El viaje a la playa había quedado atrás, pero las emociones seguían latentes en la mente de Laura. Mientras el tren atravesaba el paisaje urbano que la llevaba de regreso a la ciudad, no podía evitar que su mente vagara entre los recuerdos del fin de semana y los pensamientos sobre lo que había aprendido en los últimos años de su doctorado. El sol todavía se filtraba por las ventanas del vagón, recordándole el calor de la playa, aunque ahora todo parecía más distante y ajeno.

Había sido un buen descanso, una pausa en su rutina. Pero ahora, al mirar por la ventana, se daba cuenta de que la verdadera tarea comenzaba de nuevo: su investigación.

De regreso en el laboratorio, Laura se lanzó de lleno a su proyecto. La neuroquímica de las adicciones y el sexo siempre le había parecido un campo fascinante, pero desde la ruptura con Diego, había tomado un giro más personal. De alguna manera, su obsesión por entender los vínculos humanos se había intensificado. Su trabajo sobre los neurotransmisores que regulaban el placer y el deseo sexual se sentía como algo más que investigación; ahora era su refugio, una manera de distanciarse emocionalmente de la tormenta interna que había vivido en los últimos meses.
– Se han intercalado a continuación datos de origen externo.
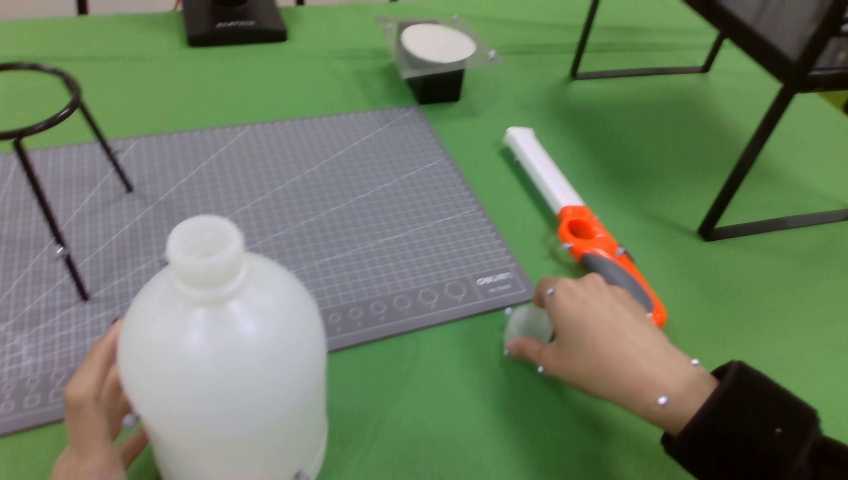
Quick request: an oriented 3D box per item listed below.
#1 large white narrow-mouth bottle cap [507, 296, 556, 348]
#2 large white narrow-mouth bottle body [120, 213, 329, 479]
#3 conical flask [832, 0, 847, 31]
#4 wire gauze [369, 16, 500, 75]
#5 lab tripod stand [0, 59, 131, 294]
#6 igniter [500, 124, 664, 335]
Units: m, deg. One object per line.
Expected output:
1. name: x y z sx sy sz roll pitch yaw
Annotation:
1. large white narrow-mouth bottle cap: 0.085 0.065 0.478 0.038 0.024 0.037 4 45 -4
2. large white narrow-mouth bottle body: -0.103 0.066 0.323 0.102 0.196 0.101 4 45 -4
3. conical flask: 0.401 -0.228 0.491 0.075 0.123 0.074 4 45 -4
4. wire gauze: 0.009 -0.229 0.696 0.122 0.011 0.123 -10 48 -20
5. lab tripod stand: -0.285 -0.050 0.447 0.148 0.132 0.147 6 45 -6
6. igniter: 0.140 -0.023 0.568 0.057 0.025 0.273 -2 46 -26
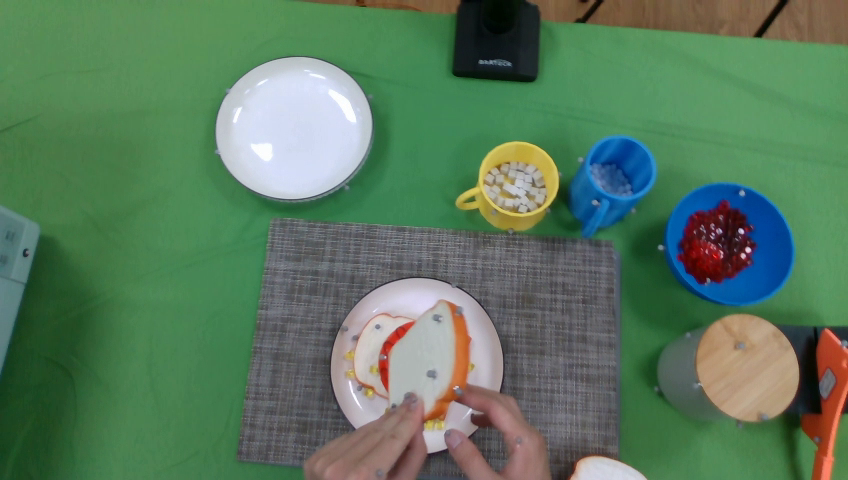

Esa mañana, mientras caminaba hacia su escritorio en el laboratorio, una pila de artículos científicos la esperaba. Se había propuesto revisar todo lo relacionado con la oxitocina, la dopamina y la vasopresina, las hormonas que sabía que jugaban roles cruciales en el amor, el apego y las relaciones románticas.

El olor, el atractivo físico, el entorno social, todo estaba relacionado, y Laura estaba convencida de que encontraría respuestas en esos estudios. El problema era que, por mucho que la ciencia pudiera ofrecerle información sobre cómo se forman los vínculos entre dos personas, seguía habiendo algo incontrolable, algo que ni los mejores artículos científicos podían predecir.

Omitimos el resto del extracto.